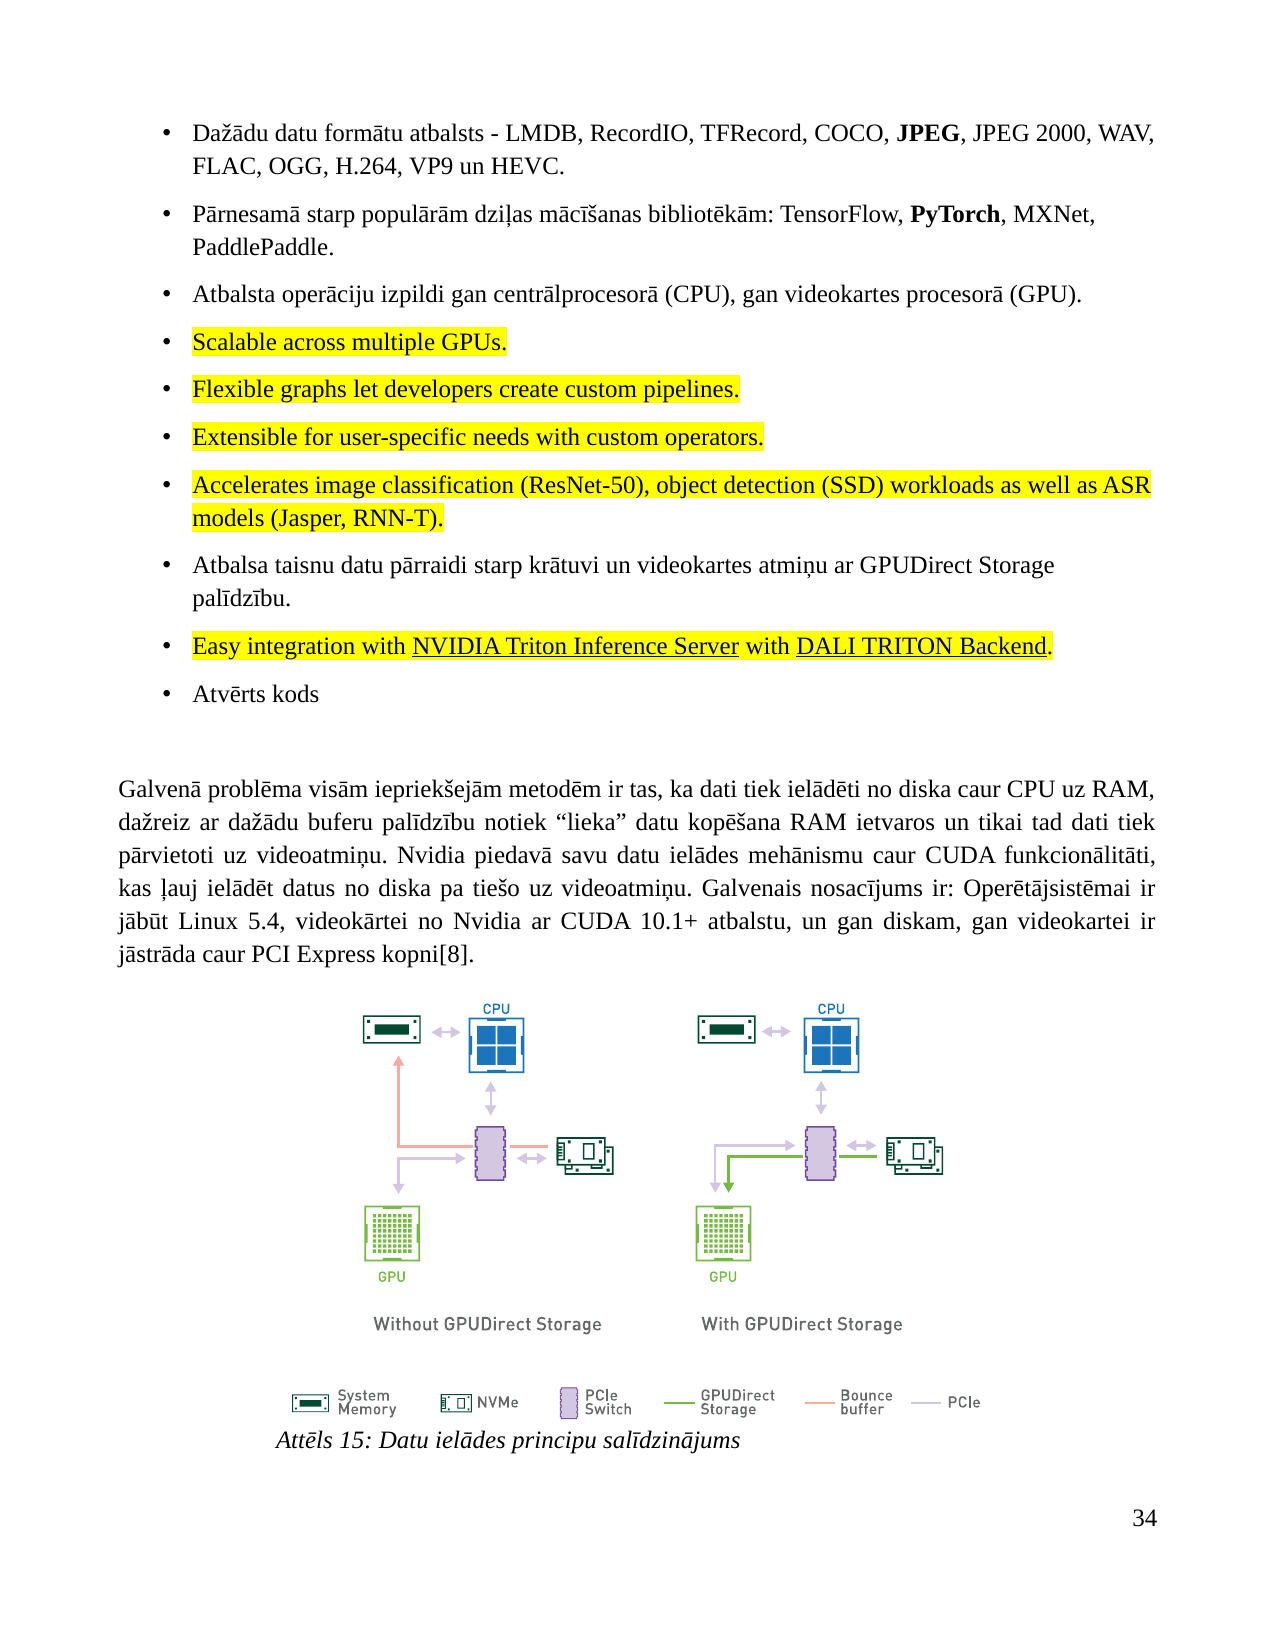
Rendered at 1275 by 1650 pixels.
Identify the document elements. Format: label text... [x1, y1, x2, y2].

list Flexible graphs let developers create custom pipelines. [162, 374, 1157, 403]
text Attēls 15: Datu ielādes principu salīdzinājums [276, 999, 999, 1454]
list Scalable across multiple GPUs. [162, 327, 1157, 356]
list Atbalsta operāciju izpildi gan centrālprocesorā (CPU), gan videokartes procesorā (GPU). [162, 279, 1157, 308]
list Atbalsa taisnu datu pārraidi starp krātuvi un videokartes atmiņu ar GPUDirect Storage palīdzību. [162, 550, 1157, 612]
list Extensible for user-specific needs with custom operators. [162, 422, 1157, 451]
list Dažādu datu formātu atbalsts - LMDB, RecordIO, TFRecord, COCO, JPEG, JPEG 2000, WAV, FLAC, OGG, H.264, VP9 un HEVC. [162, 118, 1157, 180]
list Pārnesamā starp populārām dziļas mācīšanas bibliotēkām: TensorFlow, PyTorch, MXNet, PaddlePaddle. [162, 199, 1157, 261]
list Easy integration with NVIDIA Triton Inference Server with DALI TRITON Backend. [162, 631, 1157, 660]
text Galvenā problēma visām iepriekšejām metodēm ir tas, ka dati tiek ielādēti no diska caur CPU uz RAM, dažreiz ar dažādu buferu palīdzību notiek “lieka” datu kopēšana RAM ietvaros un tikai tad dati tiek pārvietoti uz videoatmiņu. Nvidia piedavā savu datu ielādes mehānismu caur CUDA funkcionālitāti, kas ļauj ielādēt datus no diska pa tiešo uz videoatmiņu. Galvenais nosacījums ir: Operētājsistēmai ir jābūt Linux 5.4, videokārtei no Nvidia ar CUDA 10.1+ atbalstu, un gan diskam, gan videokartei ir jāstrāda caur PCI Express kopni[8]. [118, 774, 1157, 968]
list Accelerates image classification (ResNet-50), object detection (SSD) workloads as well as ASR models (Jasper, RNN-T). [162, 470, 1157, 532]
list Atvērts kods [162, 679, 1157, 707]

+ + + + +

Activity: Copy every line of the listing where the word "starp" appears.

Result of this exercise:
list Atbalsa taisnu datu pārraidi starp krātuvi un videokartes atmiņu ar GPUDirect Storage palīdzību. [162, 550, 1157, 612]
list Pārnesamā starp populārām dziļas mācīšanas bibliotēkām: TensorFlow, PyTorch, MXNet, PaddlePaddle. [162, 199, 1157, 261]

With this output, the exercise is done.